The 2022 Heytesbury Chardonnay is lighter, fresher and finer than I can ever remember the Heytesbury tasting on release. It stylistically made a name for itself in the mid 2000s for the high-solid ferments, flinty reduction and spice aplenty. These days, I feel the style has swung gently back toward the middle, presenting us with a wine that is infinitely composed, powerful, restrained and yet kaleidoscopic in its fruit profile. I am not a fan of bombastic "best ever" statements, but this may go down as one of the greatest Heytesburys I have had the pleasure of tasting on release, and that is a statement that pays respect to the 2010 and 2013 vintages. 13% alcohol, sealed under screw cap.
97 points, Erin Larkin, Wine Advocate (Jul 2024)
Still tightly wound. Give this time (days, not minutes) and it will start to reveal itself. Saline and umami savoury notes of preserved lemon and sea spray vie for attention with dried florals, saltbush, curry leaf, cumin and frankincense. A bit loud in its youth, but cellaring will transform into a wine of stunning nuance, wild complexity and great length. Organic.

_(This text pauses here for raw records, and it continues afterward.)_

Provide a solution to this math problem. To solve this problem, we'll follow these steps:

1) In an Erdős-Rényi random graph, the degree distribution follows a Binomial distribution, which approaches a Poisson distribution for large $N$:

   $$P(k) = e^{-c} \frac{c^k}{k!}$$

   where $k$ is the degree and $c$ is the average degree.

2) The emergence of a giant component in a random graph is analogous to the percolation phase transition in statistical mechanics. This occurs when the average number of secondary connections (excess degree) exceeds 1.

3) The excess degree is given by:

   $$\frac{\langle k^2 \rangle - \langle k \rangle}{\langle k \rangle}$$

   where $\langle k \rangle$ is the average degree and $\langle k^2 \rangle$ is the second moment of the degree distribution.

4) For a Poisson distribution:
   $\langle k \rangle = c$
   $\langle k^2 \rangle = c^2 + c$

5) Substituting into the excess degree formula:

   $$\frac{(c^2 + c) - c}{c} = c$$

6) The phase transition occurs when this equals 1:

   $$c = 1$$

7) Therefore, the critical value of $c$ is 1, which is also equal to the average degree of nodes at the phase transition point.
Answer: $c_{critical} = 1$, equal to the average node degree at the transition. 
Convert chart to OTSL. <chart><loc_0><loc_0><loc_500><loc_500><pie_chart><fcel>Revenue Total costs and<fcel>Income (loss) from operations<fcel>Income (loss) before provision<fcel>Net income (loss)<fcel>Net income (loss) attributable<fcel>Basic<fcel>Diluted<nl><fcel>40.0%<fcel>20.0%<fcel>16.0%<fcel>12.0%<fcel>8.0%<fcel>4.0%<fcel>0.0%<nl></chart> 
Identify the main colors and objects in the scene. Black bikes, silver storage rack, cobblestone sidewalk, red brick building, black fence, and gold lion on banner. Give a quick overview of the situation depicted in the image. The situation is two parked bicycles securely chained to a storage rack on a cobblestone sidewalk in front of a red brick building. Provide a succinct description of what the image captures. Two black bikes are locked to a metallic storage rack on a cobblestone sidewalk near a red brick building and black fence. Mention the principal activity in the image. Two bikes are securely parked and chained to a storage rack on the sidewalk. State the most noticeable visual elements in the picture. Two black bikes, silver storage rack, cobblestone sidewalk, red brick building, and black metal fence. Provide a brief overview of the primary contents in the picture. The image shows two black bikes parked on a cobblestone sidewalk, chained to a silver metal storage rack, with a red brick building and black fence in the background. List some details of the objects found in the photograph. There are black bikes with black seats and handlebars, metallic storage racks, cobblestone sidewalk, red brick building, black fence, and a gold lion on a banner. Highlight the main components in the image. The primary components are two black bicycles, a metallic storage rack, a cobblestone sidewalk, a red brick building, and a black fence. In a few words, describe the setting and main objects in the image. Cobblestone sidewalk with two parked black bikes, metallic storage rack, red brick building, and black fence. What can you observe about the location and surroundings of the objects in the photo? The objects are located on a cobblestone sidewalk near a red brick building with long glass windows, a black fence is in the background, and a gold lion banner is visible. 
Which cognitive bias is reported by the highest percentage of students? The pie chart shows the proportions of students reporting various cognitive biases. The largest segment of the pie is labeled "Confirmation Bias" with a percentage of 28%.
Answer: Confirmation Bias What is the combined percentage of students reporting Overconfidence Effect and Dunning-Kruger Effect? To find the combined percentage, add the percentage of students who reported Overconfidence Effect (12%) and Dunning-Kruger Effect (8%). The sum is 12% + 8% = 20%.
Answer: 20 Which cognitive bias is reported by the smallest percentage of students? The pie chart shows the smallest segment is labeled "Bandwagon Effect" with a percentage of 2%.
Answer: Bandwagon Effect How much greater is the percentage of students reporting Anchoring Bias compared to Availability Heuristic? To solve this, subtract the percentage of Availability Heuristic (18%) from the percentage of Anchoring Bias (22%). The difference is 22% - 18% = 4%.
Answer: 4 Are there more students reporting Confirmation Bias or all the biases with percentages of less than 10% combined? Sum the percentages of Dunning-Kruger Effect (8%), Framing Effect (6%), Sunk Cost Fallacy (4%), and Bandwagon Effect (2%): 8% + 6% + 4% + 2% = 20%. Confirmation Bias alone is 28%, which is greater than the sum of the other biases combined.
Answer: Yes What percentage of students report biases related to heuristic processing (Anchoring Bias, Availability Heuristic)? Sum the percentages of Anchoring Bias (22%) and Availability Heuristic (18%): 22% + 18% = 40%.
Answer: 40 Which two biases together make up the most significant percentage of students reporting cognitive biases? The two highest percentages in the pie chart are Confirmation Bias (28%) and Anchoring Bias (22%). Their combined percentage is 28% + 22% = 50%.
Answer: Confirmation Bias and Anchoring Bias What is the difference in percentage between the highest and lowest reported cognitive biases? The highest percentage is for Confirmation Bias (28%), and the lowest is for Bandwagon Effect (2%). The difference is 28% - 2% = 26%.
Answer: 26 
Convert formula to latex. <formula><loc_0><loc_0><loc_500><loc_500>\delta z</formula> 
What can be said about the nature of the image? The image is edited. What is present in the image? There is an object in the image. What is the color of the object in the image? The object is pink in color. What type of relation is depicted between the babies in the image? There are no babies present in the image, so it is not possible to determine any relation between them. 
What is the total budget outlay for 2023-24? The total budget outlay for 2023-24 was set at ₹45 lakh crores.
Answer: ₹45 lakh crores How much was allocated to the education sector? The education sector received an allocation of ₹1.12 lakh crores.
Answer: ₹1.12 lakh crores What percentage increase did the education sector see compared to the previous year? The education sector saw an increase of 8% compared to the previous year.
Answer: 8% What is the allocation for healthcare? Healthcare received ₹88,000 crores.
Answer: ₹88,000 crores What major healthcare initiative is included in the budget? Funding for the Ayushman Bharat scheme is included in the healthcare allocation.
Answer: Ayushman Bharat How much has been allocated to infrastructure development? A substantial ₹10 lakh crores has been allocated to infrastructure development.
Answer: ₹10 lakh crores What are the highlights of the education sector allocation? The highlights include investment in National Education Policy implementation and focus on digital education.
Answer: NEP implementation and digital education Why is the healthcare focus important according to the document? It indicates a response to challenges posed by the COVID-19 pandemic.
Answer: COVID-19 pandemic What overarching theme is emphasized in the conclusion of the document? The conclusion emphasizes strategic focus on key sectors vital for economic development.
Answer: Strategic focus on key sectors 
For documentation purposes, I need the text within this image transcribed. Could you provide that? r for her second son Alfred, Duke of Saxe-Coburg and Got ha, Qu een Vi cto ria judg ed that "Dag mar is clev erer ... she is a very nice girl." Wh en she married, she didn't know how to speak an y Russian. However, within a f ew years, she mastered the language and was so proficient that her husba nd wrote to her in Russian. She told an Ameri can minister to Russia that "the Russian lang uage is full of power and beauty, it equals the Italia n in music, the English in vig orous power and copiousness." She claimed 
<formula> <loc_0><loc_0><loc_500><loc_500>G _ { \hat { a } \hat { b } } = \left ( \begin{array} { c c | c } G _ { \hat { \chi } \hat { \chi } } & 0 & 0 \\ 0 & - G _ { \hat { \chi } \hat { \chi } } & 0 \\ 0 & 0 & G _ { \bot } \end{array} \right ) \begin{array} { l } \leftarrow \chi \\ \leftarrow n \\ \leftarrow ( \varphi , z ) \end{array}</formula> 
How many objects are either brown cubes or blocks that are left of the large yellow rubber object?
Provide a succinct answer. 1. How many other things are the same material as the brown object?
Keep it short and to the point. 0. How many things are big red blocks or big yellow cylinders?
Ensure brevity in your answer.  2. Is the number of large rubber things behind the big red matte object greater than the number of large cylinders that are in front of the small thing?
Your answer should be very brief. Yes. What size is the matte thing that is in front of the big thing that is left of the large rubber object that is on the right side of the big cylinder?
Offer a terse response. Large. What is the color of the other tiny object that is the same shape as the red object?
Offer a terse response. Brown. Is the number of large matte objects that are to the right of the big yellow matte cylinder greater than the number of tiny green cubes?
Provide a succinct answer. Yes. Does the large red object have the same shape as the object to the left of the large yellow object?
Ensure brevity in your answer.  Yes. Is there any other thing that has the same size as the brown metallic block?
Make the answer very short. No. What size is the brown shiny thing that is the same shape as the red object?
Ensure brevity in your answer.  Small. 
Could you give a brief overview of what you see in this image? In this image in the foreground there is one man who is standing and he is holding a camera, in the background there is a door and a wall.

97 points, Cassandra Charlick, Decanter (Jun 2024)
If one wine typifies the current state of Australian chardonnay (complex, superfine, detailed and majestic) as much as a wine of place, Heytesbury could possibly be it. There’s a lot of fruit power this vintage, yet still, a tightly coiled style in youth. A millefeuille of flavour – grapefruit, lemon salt, white nectarine and complex savoury nuances, the oak and lees folded into the wine. There’s an intriguing zinc character too, a little flinty and funky with mouth-watering acidity. Moreish and compelling all the way through. Mesmerising.
97 points, Jane Faulkner, Halliday Wine Companion (Aug 2024)
A complete package, the 2022 Chardonnay Heytesbury differs markedly from the Estate release from the same vintage with a tighter more composed shape and layered nuances. Crushed nuts, pear and flowerpress aromas are seamlessly intertwined with fine grained oak and smoky gunflint. An excellent upfront generosity of flavor takes a more savory refined line, punctuated by tangy acidity. Length is exceptional and this will build further in time.
96 points, Angus Hughson, Vinous (May 2024)
2022 was on the warm side and this bottling of one of Margaret River's top Chards offers less of the reductive struck match and roasted-nut aromas of past vintages. It instead displays pithy citrus and melon rind, oats and salty seashell aromas, with a slight metallic edge. Round and textured, but with lovely acidity throughout, the concentrated fruit, oak and malolactic influences are all in perfect harmony. This may not be the longest-lived Heytesbury, but it's a damn fine drop now.